GREAT EXODUS OF WOMEN AND CHILDREN.

“Women and children are leaving in large numbers. They include all classes and conditions. In groups and sometimes in long lines they pass down Tremont street on the way to the boat bound for Texas City. Many are going never to return, poorly and scantily clad, with handkerchiefs for hats, and all their worldly goods stuffed into pillow-cases.
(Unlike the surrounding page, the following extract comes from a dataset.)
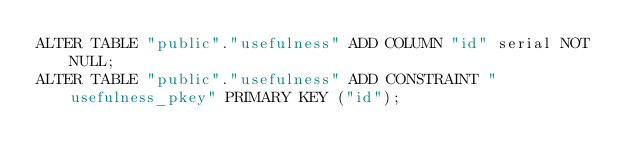Convert code to text. <code><loc_0><loc_0><loc_500><loc_500><_SQL_>ALTER TABLE "public"."usefulness" ADD COLUMN "id" serial NOT NULL;
ALTER TABLE "public"."usefulness" ADD CONSTRAINT "usefulness_pkey" PRIMARY KEY ("id");
</code>

“The man who has no property or relatives in Galveston is leaving for good. The future of Galveston depends upon whether or not the town can retain its shipping. If Galveston can keep her prestige as a port her revival is assured. All those who have helped to make Galveston what it was are certain that it will continue to be the great port of the Southwest. Not a man in town who has any property will desert the city. Progressive citizens have been especially cheered by the news that the English shippers will continue to patronize the port and by the generous gift of $5000 from R. P. Houston, member of the English Parliament and head of the shipping firm of R. P. Houston & Co., of Liverpool and London. This contribution came in response to the news that one of the Houston steamers, the Hilarius, was stranded on the Pelican Island.

“Business men know that if Galveston should go down its shipping would promptly be transferred to New Orleans. But it is the glory of the people of New Orleans that since the storm they have said not a word against the rebuilding of this city, but have generously and nobly responded to the appeals for Galveston’s sufferers.

“In spite of any ambition of rival ports, in spite of the timidity of women and some men, the people of Galveston, patiently and soberly, with loyalty and courage, are determined to rebuild on the ruins of this once beautiful city a metropolis that shall prosper and endure. They are determined to do this, in spite of the possibility that their homes and industries may again be wrecked by storm. If you ask them why, they will tell you, “No community is immune from disasters of this kind. It merely happened that Galveston was in the path of the storm.” And then they will go back to burying their dead.

“Captain Randall, of the steamship Comeno, which has arrived from New Orleans, reports that coming up the bay he saw a great many human corpses, and that the banks of Pelican Island were strewn with the dead. Pelican Island is six miles from Galveston.